Right, that's the site. But, as you point out, not only can information be contributed by anyone, it can also be edited/corrected by anyone. From what I've seen, the incorrect stuff doesn't tend to last long. As with anything on the Internet, it pays to exercise your own good judgement.

Here's a link to their Xanthan Gum page.

And here is a link to the page cited by that "[2]" footnote. The part that I find most interesting is the comments that have been added by others, many of whom have reactions to xanthan gum.
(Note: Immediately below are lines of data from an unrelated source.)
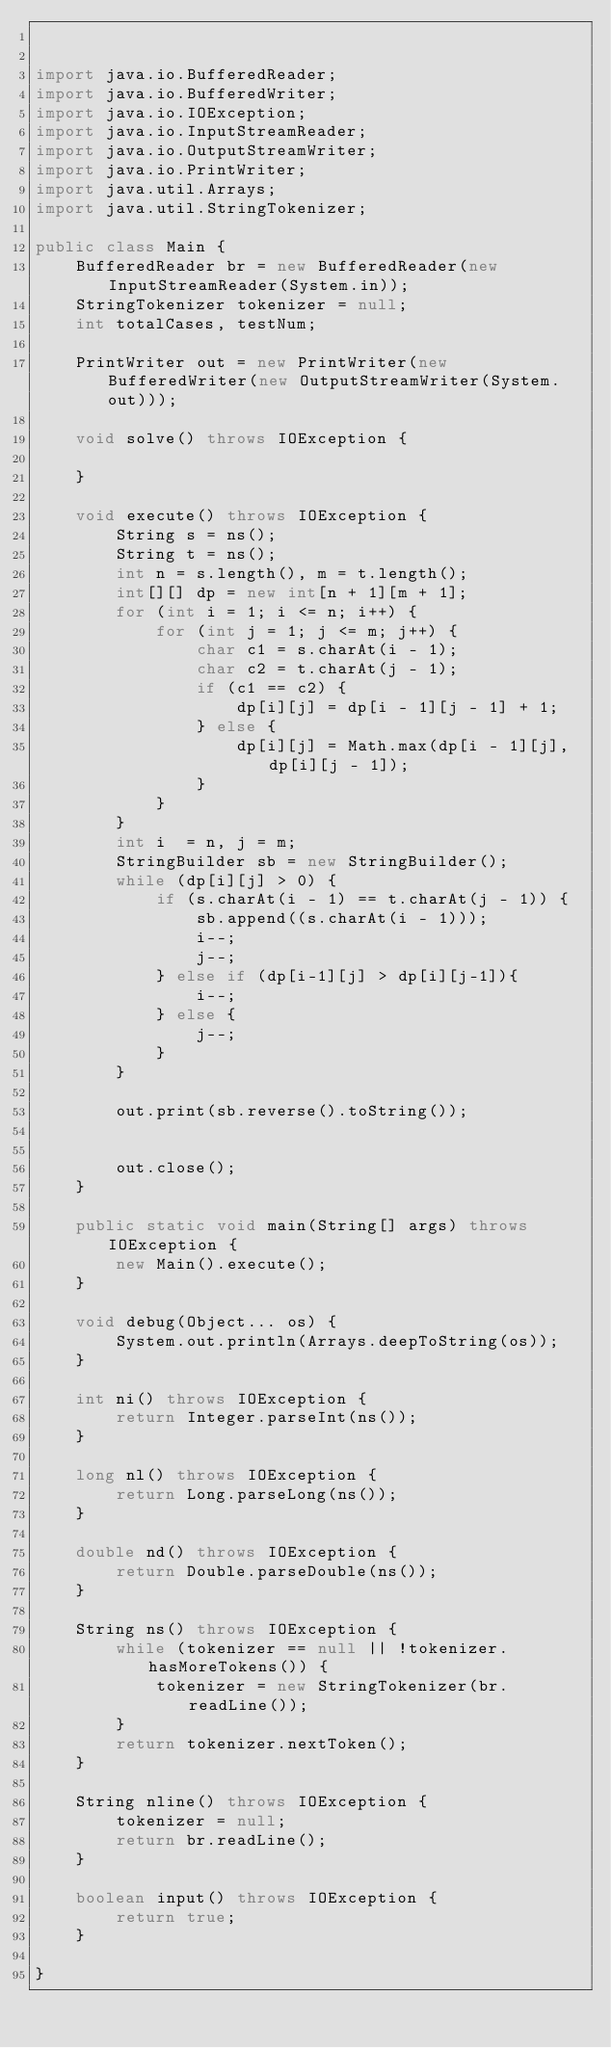<code> <loc_0><loc_0><loc_500><loc_500><_Java_>

import java.io.BufferedReader;
import java.io.BufferedWriter;
import java.io.IOException;
import java.io.InputStreamReader;
import java.io.OutputStreamWriter;
import java.io.PrintWriter;
import java.util.Arrays;
import java.util.StringTokenizer;

public class Main {
    BufferedReader br = new BufferedReader(new InputStreamReader(System.in));
    StringTokenizer tokenizer = null;
    int totalCases, testNum;

    PrintWriter out = new PrintWriter(new BufferedWriter(new OutputStreamWriter(System.out)));

    void solve() throws IOException {

    }

    void execute() throws IOException {
        String s = ns();
        String t = ns();
        int n = s.length(), m = t.length();
        int[][] dp = new int[n + 1][m + 1];
        for (int i = 1; i <= n; i++) {
            for (int j = 1; j <= m; j++) {
                char c1 = s.charAt(i - 1);
                char c2 = t.charAt(j - 1);
                if (c1 == c2) {
                    dp[i][j] = dp[i - 1][j - 1] + 1;
                } else {
                    dp[i][j] = Math.max(dp[i - 1][j], dp[i][j - 1]);
                }
            }
        }
        int i  = n, j = m;
        StringBuilder sb = new StringBuilder();
        while (dp[i][j] > 0) {
            if (s.charAt(i - 1) == t.charAt(j - 1)) {
                sb.append((s.charAt(i - 1)));
                i--;
                j--;
            } else if (dp[i-1][j] > dp[i][j-1]){
                i--;
            } else {
                j--;
            }
        }

        out.print(sb.reverse().toString());


        out.close();
    }

    public static void main(String[] args) throws IOException {
        new Main().execute();
    }

    void debug(Object... os) {
        System.out.println(Arrays.deepToString(os));
    }

    int ni() throws IOException {
        return Integer.parseInt(ns());
    }

    long nl() throws IOException {
        return Long.parseLong(ns());
    }

    double nd() throws IOException {
        return Double.parseDouble(ns());
    }

    String ns() throws IOException {
        while (tokenizer == null || !tokenizer.hasMoreTokens()) {
            tokenizer = new StringTokenizer(br.readLine());
        }
        return tokenizer.nextToken();
    }

    String nline() throws IOException {
        tokenizer = null;
        return br.readLine();
    }

    boolean input() throws IOException {
        return true;
    }

}
</code>

My reason for posting this thread in the first place is that xanthan gum is routinely used in gluten-free foods, both ready-made and home-made. It's generally acknowledged that many celiacs have additional food intolerances. (And as one of the commenters (see previous paragraph) said, xanthan has a fairly short track record.) I would just hate to see someone conscientiously follow a gluten-free diet, and then wonder why they're still having problems -- when the culprit could be their gluten-free diet!


Many hard-to-define health problems, some since childhood.

Diagnosed with spastic colon circa 1984.

My father also had many hard-to-define health problems, as did his brother.

His brother's daughter biopsy-diagnosed as celiac, June 2007.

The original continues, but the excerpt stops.